A 2009 file photo of the guided missile destroyer USS Lassen, which navigated within 12 nautical miles of artificial islands China is building in the South China Sea early on October 27, 2015.
AFP

As China's state-controlled media slammed the passage of a U.S. Navy vessel near artificial islands built by Beijing in a disputed zone of the South China Sea this week, analysts said Beijing's reaction is driven by long-term strategic concerns and a need to use nationalism to deflect public anger.

Several newspapers hit out on Wednesday at the transit of the USS Lassen, a guided-missile destroyer, 12 nautical miles off man-made islands constructed by China in a controversial reclamation project since last year.

"The Pentagon is obviously provoking China," the Global Times newspaper, which has close ties to the ruling Chinese Communist Party, said in an editorial. "We should stay calm. If we feel disgraced and utter some furious words, it will only make the US achieve its goal of irritating us."

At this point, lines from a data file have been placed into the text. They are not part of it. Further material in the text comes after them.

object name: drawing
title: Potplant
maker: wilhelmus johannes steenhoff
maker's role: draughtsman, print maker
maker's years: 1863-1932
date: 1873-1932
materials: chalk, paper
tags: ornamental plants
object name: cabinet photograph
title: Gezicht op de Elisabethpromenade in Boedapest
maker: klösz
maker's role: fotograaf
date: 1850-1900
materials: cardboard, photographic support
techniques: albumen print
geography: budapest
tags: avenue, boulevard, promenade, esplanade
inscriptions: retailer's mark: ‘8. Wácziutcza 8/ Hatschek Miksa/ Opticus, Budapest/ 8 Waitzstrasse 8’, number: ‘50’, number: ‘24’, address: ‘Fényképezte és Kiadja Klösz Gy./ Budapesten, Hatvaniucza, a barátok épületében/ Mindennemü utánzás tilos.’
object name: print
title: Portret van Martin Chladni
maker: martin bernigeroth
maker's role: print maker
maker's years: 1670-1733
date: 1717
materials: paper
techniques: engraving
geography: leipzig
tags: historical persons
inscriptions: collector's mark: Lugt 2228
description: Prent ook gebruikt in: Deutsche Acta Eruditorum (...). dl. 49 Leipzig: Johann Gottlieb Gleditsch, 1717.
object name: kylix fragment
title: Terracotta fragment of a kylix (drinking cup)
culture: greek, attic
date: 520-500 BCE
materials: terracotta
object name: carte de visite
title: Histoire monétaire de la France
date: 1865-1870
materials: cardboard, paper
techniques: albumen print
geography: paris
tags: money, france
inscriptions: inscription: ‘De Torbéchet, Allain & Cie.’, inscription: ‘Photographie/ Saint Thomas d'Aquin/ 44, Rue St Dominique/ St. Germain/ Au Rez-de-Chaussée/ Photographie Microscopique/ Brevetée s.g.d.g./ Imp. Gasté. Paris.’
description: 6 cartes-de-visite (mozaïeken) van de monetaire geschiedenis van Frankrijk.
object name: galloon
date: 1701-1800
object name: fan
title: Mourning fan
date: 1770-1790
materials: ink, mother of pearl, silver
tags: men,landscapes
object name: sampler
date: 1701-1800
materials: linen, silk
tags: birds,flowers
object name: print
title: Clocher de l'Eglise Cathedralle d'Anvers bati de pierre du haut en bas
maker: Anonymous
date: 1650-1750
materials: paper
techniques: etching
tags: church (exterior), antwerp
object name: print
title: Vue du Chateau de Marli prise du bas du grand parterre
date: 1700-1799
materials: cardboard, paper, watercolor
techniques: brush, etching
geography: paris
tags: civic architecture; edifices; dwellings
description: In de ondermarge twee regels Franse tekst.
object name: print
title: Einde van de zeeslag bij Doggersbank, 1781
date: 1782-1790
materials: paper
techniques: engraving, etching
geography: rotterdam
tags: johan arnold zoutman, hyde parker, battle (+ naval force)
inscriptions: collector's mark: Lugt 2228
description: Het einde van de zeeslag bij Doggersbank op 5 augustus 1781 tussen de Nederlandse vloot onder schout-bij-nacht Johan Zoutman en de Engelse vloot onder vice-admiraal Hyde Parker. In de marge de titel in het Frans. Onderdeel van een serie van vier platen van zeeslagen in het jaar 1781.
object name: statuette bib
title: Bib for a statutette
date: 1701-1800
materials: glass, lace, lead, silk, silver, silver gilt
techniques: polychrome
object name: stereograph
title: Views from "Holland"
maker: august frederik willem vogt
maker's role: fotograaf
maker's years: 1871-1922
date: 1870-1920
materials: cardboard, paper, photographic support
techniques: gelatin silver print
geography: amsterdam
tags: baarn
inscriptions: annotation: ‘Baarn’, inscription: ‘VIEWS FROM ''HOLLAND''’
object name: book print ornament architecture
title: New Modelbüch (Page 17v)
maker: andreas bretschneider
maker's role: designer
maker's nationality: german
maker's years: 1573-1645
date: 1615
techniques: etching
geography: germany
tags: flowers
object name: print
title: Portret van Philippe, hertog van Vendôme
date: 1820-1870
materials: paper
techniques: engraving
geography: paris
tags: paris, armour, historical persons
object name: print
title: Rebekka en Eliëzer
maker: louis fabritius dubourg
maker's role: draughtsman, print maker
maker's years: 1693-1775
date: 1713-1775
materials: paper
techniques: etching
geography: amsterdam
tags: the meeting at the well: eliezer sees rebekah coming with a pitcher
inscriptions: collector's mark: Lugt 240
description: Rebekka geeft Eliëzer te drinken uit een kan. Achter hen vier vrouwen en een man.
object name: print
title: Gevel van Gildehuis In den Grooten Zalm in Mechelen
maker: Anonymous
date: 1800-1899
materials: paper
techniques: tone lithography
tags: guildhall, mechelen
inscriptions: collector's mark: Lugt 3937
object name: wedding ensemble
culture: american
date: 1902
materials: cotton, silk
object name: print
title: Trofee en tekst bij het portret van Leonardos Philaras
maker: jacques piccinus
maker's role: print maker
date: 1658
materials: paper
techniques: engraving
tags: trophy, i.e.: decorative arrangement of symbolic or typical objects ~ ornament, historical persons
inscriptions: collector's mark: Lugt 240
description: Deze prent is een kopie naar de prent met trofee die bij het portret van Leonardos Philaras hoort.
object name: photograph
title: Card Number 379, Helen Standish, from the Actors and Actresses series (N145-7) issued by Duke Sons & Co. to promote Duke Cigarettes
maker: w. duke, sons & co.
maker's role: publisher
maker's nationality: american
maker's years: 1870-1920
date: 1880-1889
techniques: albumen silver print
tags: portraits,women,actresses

Calling the action "a political show" and "harassment," the paper defended China's island-building in disputed waters on the grounds that it has already been completed.

"At present, no country, the U.S. included, is able to obstruct Beijing's island reclamation in the region," it warned, adding: "China is gradually recovering its justified rights in the South China Sea."

Little room for compromise

The state news agency Xinhua said the USS Lassen's voyage was "a dangerous attempt to test China's bottom line" in the maritime region which is subject to several competing territorial claims.

"Washington has obviously ignored the fact that such provocation has serious negative repercussions," the agency said in an opinion article, saying the action would damage trust in bilateral ties.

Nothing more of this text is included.